From the data below, set down exactly the lines between the one holding "Answer: 2 How" and the one holding "Answer: 36 What", inclusive, and no others.

-- DATASET --
- - - - - - -
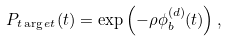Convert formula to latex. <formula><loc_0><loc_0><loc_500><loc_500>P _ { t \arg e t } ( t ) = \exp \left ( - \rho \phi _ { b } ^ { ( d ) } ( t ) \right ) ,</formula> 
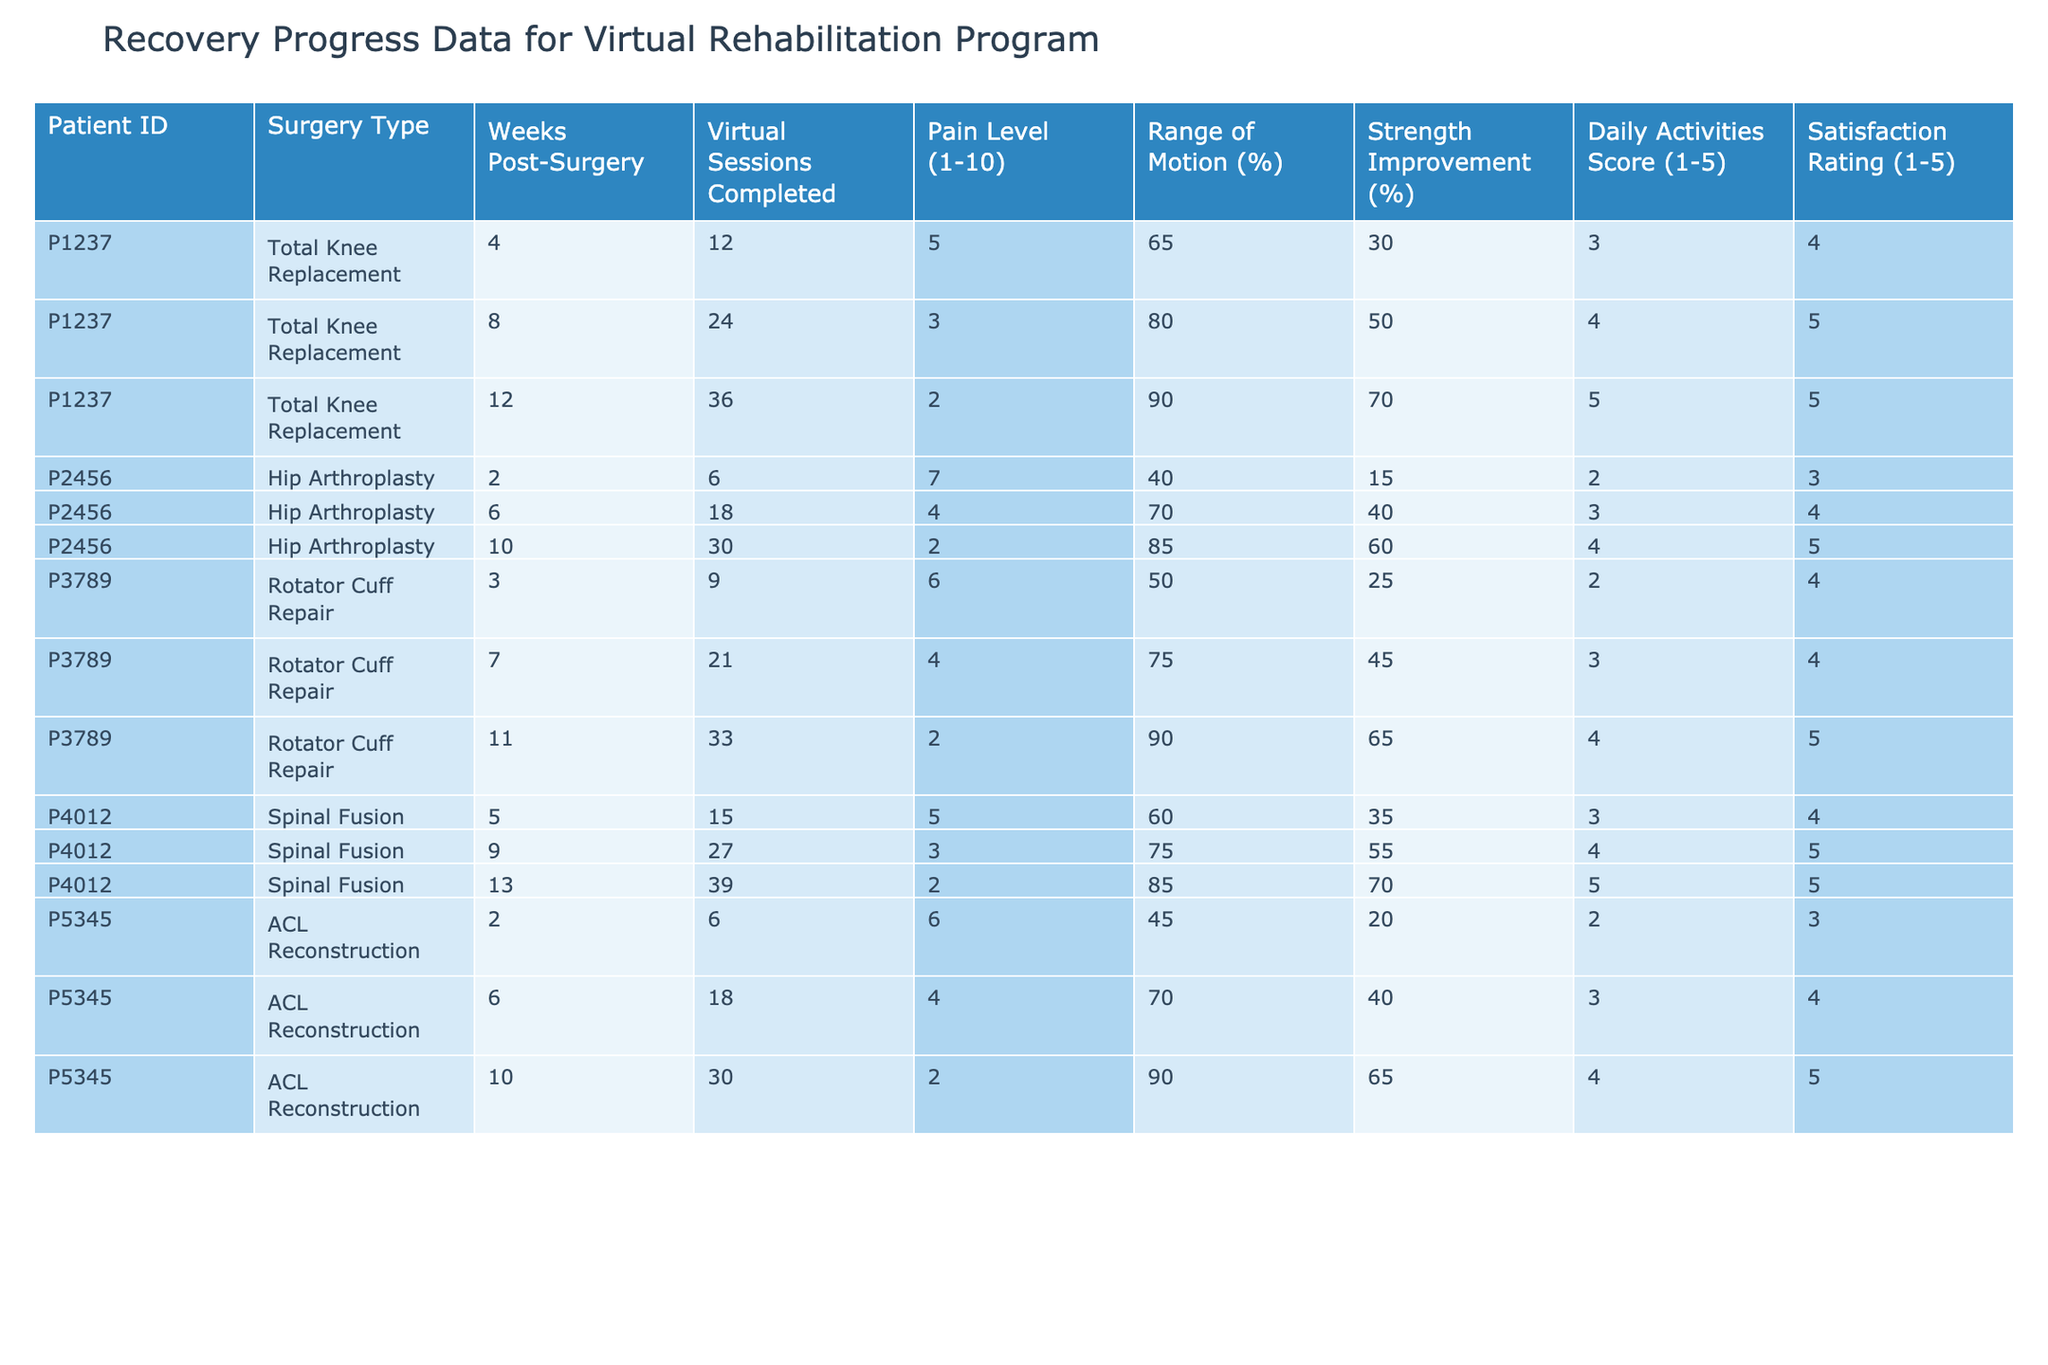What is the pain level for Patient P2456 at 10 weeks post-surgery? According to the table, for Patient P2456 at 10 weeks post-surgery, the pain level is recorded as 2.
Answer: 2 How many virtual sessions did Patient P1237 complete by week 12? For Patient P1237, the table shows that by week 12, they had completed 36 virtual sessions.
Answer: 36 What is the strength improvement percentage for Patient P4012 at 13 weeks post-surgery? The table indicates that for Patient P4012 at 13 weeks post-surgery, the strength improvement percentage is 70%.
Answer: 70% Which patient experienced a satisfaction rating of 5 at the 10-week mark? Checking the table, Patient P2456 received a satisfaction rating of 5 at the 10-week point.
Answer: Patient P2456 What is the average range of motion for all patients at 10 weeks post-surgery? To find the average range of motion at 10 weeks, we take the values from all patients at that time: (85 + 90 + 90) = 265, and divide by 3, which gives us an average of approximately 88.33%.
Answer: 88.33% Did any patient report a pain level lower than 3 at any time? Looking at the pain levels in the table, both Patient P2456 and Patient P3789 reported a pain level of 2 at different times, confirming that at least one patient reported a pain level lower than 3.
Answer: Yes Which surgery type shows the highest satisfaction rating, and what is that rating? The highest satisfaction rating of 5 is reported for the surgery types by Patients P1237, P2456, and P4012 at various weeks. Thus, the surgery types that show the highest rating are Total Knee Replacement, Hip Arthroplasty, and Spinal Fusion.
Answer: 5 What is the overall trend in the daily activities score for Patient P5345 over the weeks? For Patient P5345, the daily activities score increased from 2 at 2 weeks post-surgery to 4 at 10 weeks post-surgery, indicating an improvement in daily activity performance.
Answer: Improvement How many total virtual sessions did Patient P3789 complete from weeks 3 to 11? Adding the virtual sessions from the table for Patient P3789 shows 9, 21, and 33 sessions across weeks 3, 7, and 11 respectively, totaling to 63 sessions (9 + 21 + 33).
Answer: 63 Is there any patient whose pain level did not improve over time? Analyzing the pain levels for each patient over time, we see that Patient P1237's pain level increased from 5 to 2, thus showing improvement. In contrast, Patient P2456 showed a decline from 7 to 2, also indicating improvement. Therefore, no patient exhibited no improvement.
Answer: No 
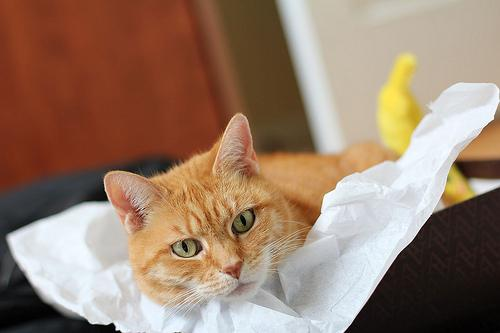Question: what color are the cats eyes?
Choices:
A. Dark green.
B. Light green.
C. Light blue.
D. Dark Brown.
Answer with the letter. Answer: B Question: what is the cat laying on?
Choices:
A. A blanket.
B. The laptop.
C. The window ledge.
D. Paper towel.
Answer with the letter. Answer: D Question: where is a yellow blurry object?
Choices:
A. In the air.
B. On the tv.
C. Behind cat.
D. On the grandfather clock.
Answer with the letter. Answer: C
- - - - - - -
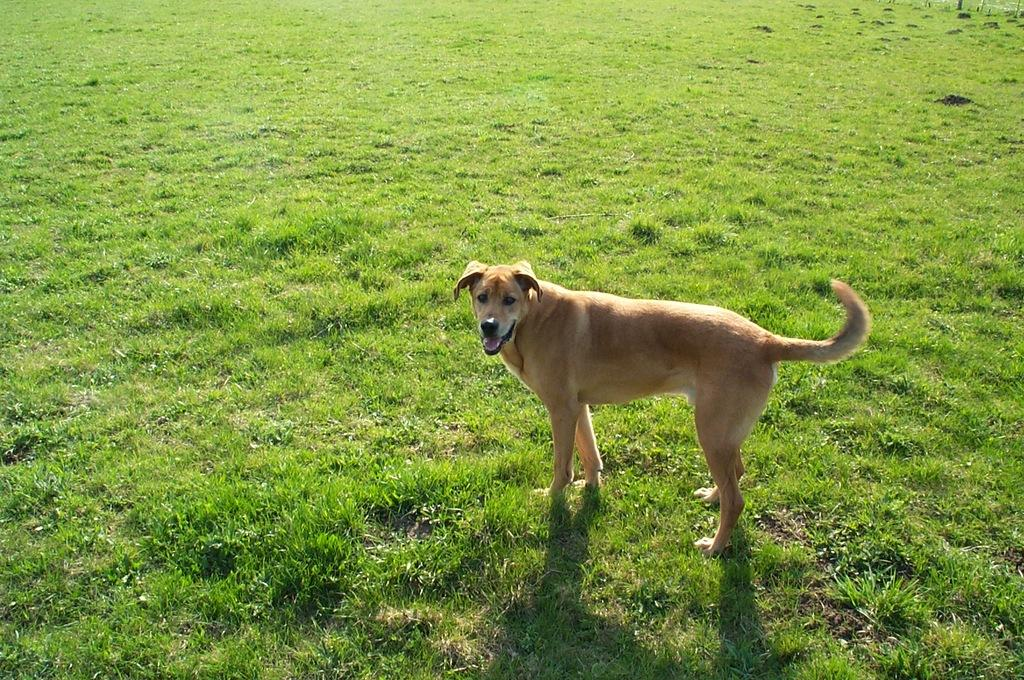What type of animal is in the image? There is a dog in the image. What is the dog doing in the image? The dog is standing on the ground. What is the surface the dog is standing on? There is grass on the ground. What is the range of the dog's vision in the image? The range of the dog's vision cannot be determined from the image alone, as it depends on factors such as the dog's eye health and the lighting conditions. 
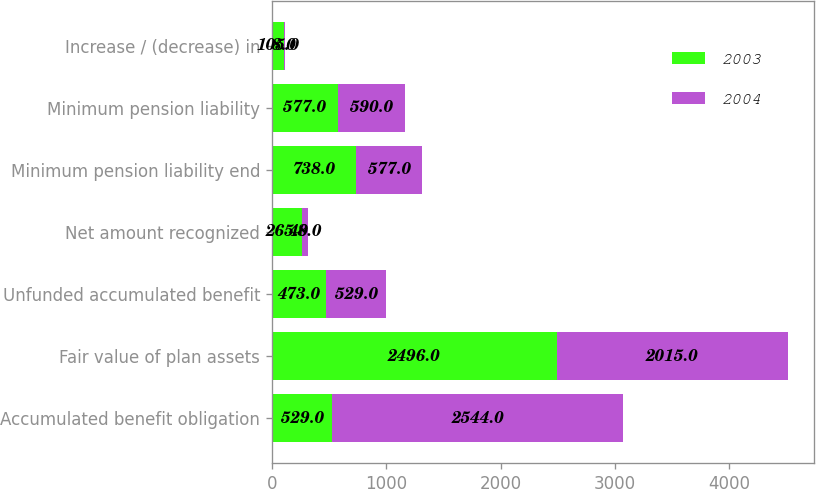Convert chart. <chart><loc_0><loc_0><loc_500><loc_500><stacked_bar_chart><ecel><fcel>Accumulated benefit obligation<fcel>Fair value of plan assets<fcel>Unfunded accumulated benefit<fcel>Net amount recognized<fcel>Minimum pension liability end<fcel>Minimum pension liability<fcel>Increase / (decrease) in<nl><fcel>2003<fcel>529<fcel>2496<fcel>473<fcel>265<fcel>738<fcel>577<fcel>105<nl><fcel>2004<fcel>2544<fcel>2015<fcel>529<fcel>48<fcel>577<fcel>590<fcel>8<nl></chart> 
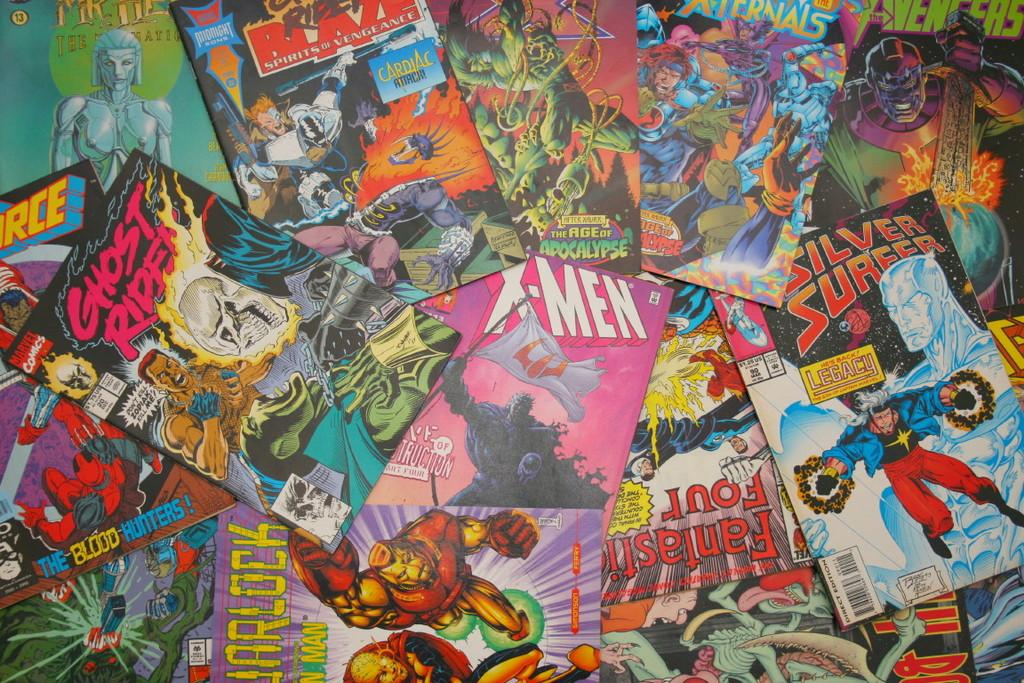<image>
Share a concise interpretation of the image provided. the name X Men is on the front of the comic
- - - - - - -
-- SOLUTION --
Answer: 2 How many virtual sessions did Patient P1237 complete by week 12? For Patient P1237, the table shows that by week 12, they had completed 36 virtual sessions.
Answer: 36 What is the strength improvement percentage for Patient P4012 at 13 weeks post-surgery? The table indicates that for Patient P4012 at 13 weeks post-surgery, the strength improvement percentage is 70%.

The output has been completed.